The ability to create a world entirely of words is pure magic

I read the books as a reader and not a writer. I wasn't looking for hints, tips, for a "how to" manual. It is said that to be a good writer you must be a good reader. And I was. Before my first novel, Mary, Mary was published in 1998, I read everything. But then I stopped. Fear took over. What if something was too brilliant, too original, too earth-shatteringly good? I knew I would close the computer and crawl away to hide. So, for many years I didn't read fiction. Non-fiction was my choice. It was wonderful, in different ways. I read about war. I read about gardens, cooking, food, voyages and adventures. Antarctica was as familiar as the strip of sand at Seapoint. I travelled with Tom Crean and Ernest Shackleton to Elephant Island. I lay in Scott's tent, in my reindeer-skin sleeping bag, listening to the blizzard raging.

But something was missing.

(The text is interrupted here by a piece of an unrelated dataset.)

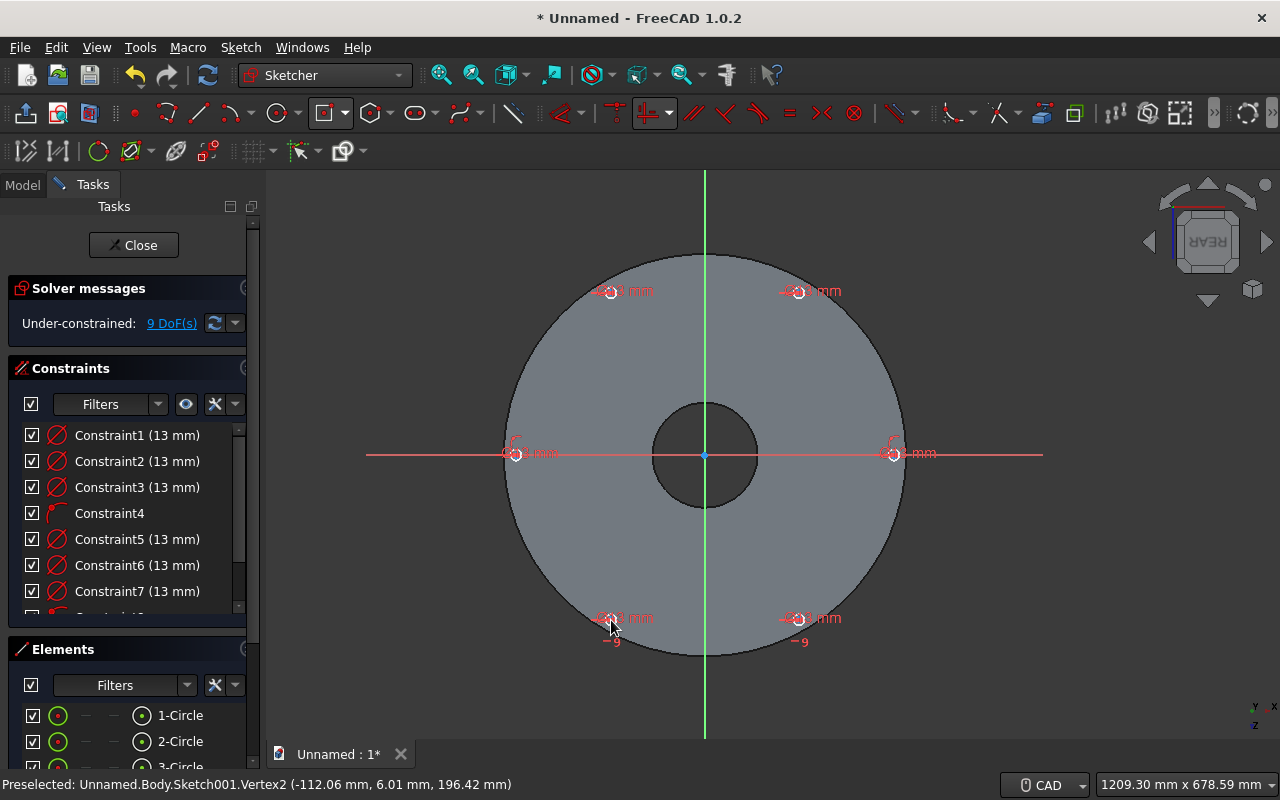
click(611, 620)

The ability to create a world entirely of words is pure magic. So the time had come to go back to the books which were my old friends, to rekindle my love of reading; fiction as well as non-fiction, one as important as the other.

Beating heart

It’s been a year, therefore, of reading and writing; learning how to capture the essence of a book in 330 words. To slice through the fat of description to the book’s beating heart. To understand its core. Despair, love, anger, joy, deceit, hatred, desire; I’ve found them all. And what have I learnt about myself?

The magic has taken me back to my childhood in New Zealand. Mary O'Hara's Thunderhead, Mary Treadgold's We Couldn't Leave Dinah and Alberto Moravia's A Woman of Rome, stolen from my mother's bedside table, awakened my senses to the taste of sea water on my bare arms, the heat of the sun on my back, the vivid scarlet of the Pohutukawa tree's flowers at Christmas.

Levi, Gitta Sereny, Vassily Grossman, Justin Cartwight and Martin Amis took me into the concentration camps. Should I be surprised? I was born a mere six years after the end of the second World War. My Irish father and mother both served in the British forces. Their wartime experiences saturated my childhood. I remember when Eichmann was put on trial in 1961. Newspapers and magazines documented in words and photographs what we now call the Holocaust. As a precocious child I read everything; it terrified me. And it still makes me wonder. Could it happen again. And who would I be? The woman who opens the door to welcome the Jews? Or closes the door and leaves them to their fate?

And then there's Molly Keane's Good Behaviour. The Anglo Irish, debt-ridden, slipping into genteel poverty. Aroon St Charles, daughter of the house. Tall, plain, awkward. Despised by Mummie and Papa. Saved from caricature by the exquisite precision of Keane's prose. I recognise my own family in her world. Protestants in decline. Losing their place in the scheme of things. "People like us", my aunt warned us, newly arrived in Ireland from the "colonies", you only mix with "people like us". Aroon could have been saved by the local solicitor Mr Kiely who offers to "look after" her. But, as I know only too well, his kind would never do.

And that sense of desertion I felt as a small child when I lost my father, washes over me as I read Joan Brady's Theory of War. The story of Jonathan Carrick, the "boughten boy", abandoned, sold into slavery as a four-year-old in the aftermath of the American Civil War, breaks my heart. And I remember the middle of the night terror that I was barely able to articulate, then or now.

So thank you, Joan Brady. You and all the other writers of my “older books” will be my inspiration. You have filled my year with magic. And now it’s my turn, to make magic for others.